Source information:
■ ■ ■ ■ ■

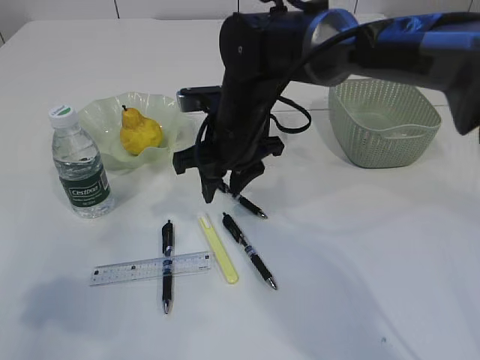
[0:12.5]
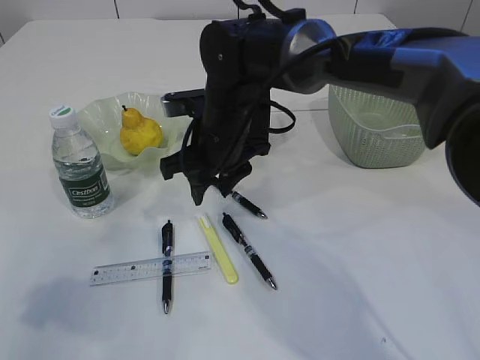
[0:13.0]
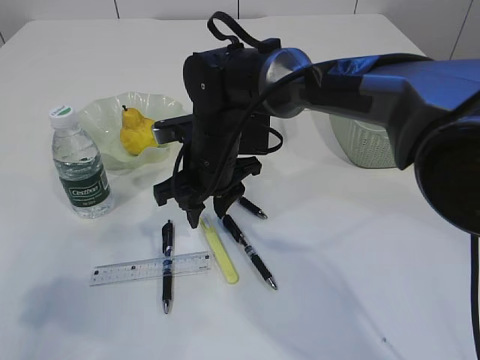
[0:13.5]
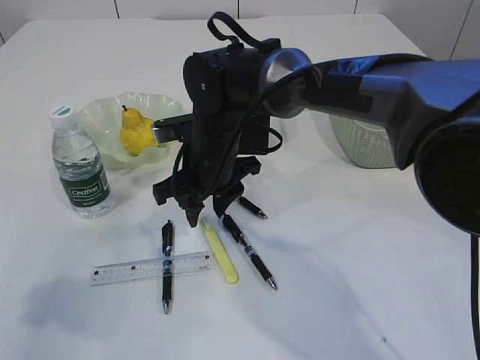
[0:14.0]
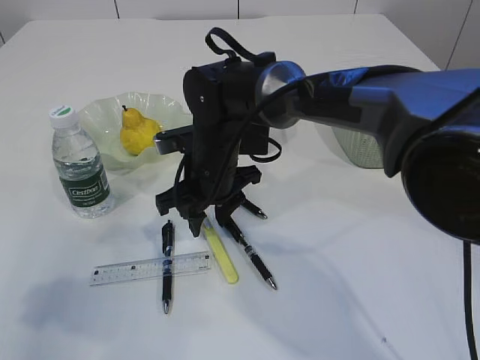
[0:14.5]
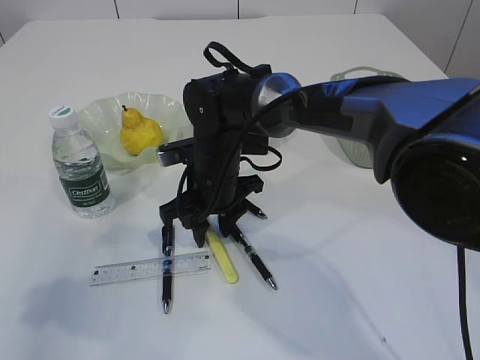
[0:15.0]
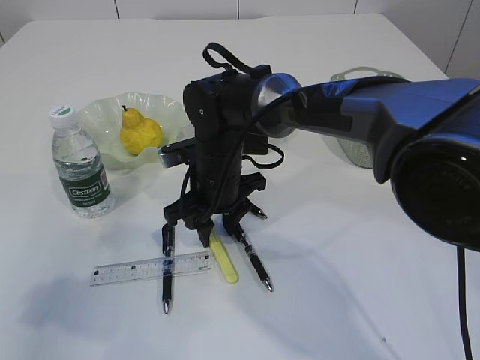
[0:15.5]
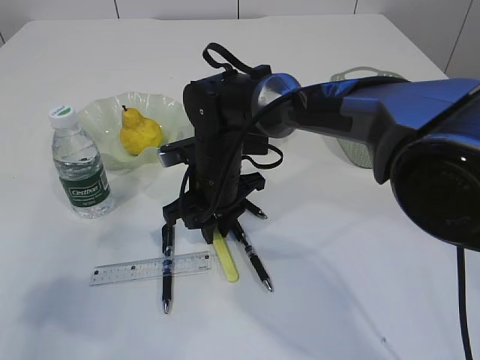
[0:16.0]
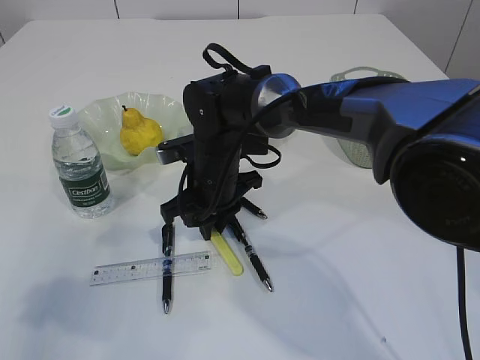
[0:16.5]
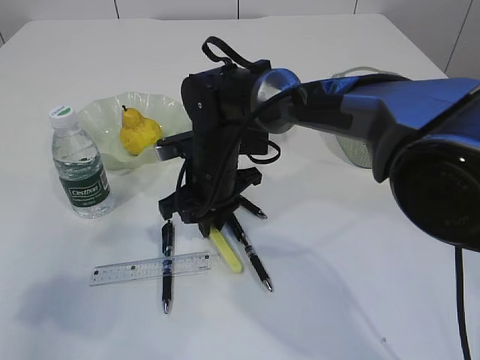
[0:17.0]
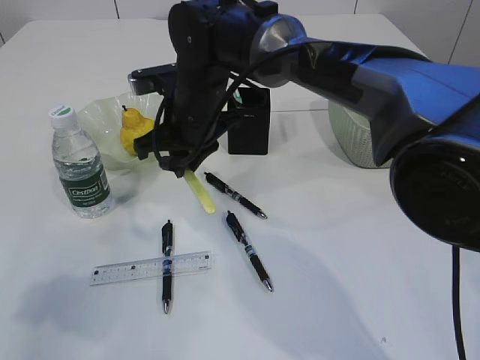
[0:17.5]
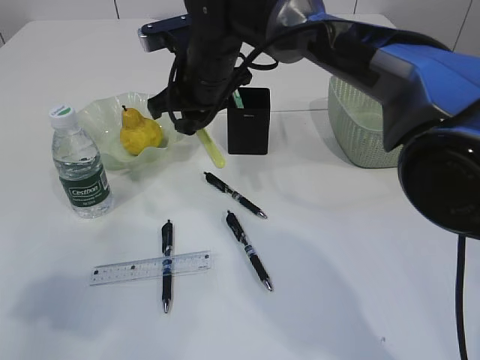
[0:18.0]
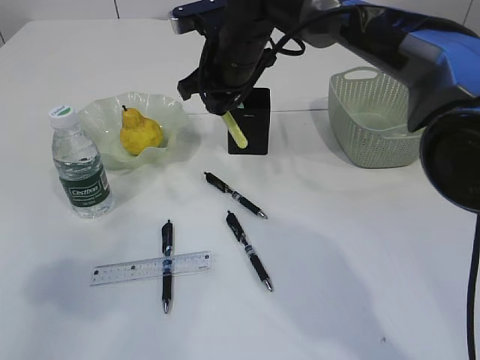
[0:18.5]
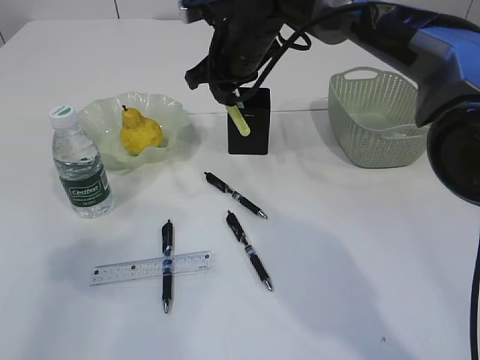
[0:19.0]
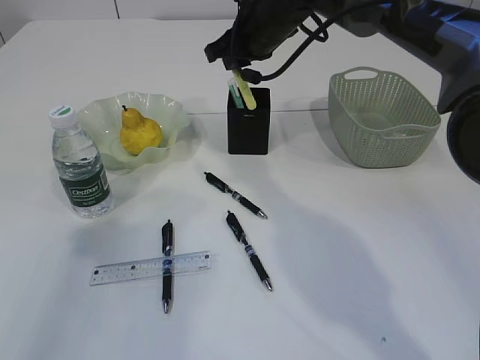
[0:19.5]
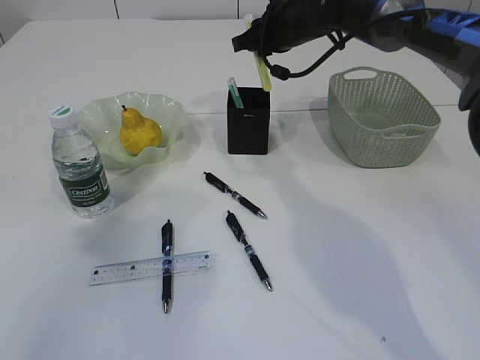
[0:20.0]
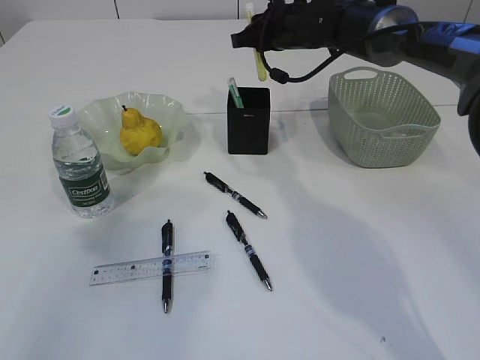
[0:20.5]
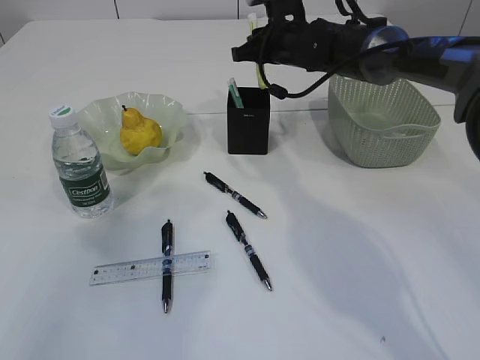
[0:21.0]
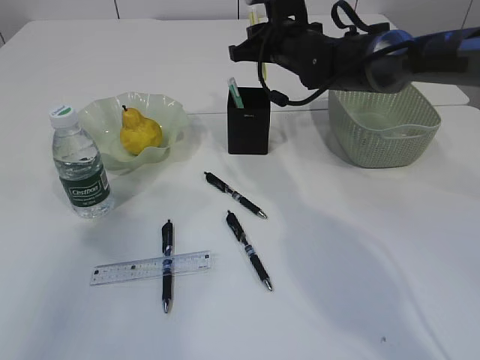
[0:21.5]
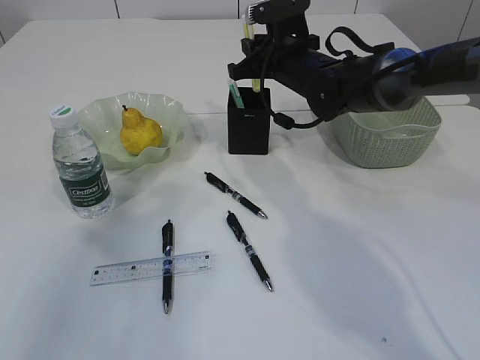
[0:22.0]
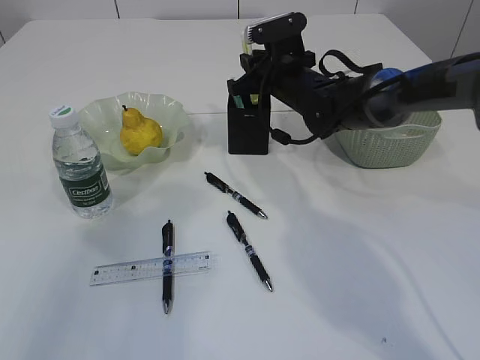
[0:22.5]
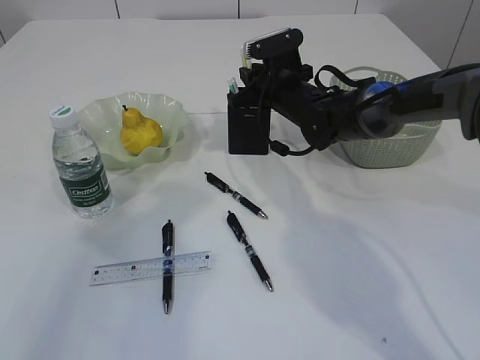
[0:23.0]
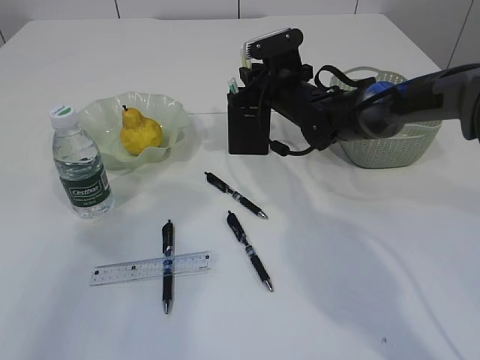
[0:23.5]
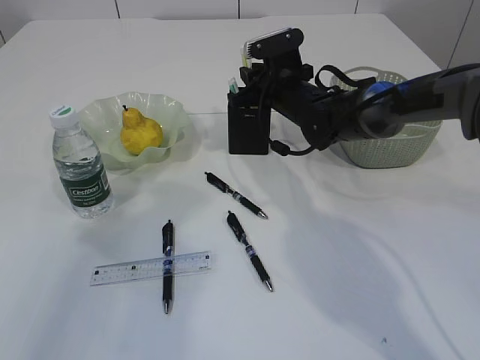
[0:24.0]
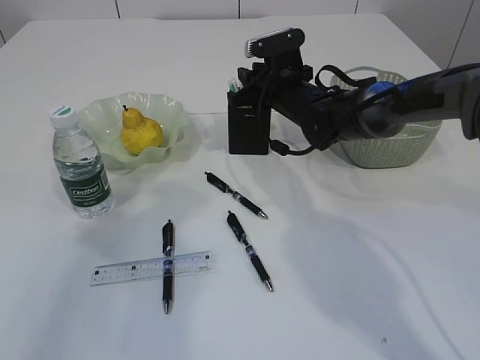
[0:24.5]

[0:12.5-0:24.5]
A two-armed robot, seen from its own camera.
Step, 12.5 to 17.5 s: pick up the yellow knife.
12.5 to 14.5 s: The right gripper changes place by about 5 cm.
14.5 to 16.5 s: The right gripper closes its fingers.
16.5 to 18.5 s: The right gripper moves upward and forward, approximately 15 cm.
18.5 to 20.5 s: The right gripper travels to the right and forward by roughly 10 cm.
20.5 to 22.5 s: The right gripper goes approximately 5 cm downward.
22.5 to 24.5 s: The grippers stay close to where they were, moving slightly.

■ ■ ■ ■ ■

Exercise:
What is needed is every record above, returned exactly, with the pictures omitted.

Task response:
[0:12.5]
[0:13.0]
[0:13.5]
[0:14.0]
[0:14.5]
[0:15.0]
[0:15.5]
[0:16.0]
[0:16.5]
[0:17.0]
[0:17.5]
[0:18.0]
[0:18.5]
[0:19.0]
[0:19.5]
[0:20.0]
[0:20.5]
[0:21.0]
[0:21.5]
[0:22.0]
[0:22.5]
[0:23.0]
[0:23.5]
[0:24.0]
[0:24.5]

[0:12.5-0:24.5]
A two-armed robot, seen from its own camera.
Step, 12.5 to 17.5 s: pick up the yellow knife.
12.5 to 14.5 s: The right gripper changes place by about 5 cm.
14.5 to 16.5 s: The right gripper closes its fingers.
16.5 to 18.5 s: The right gripper moves upward and forward, approximately 15 cm.
18.5 to 20.5 s: The right gripper travels to the right and forward by roughly 10 cm.
20.5 to 22.5 s: The right gripper goes approximately 5 cm downward.
22.5 to 24.5 s: The grippers stay close to where they were, moving slightly.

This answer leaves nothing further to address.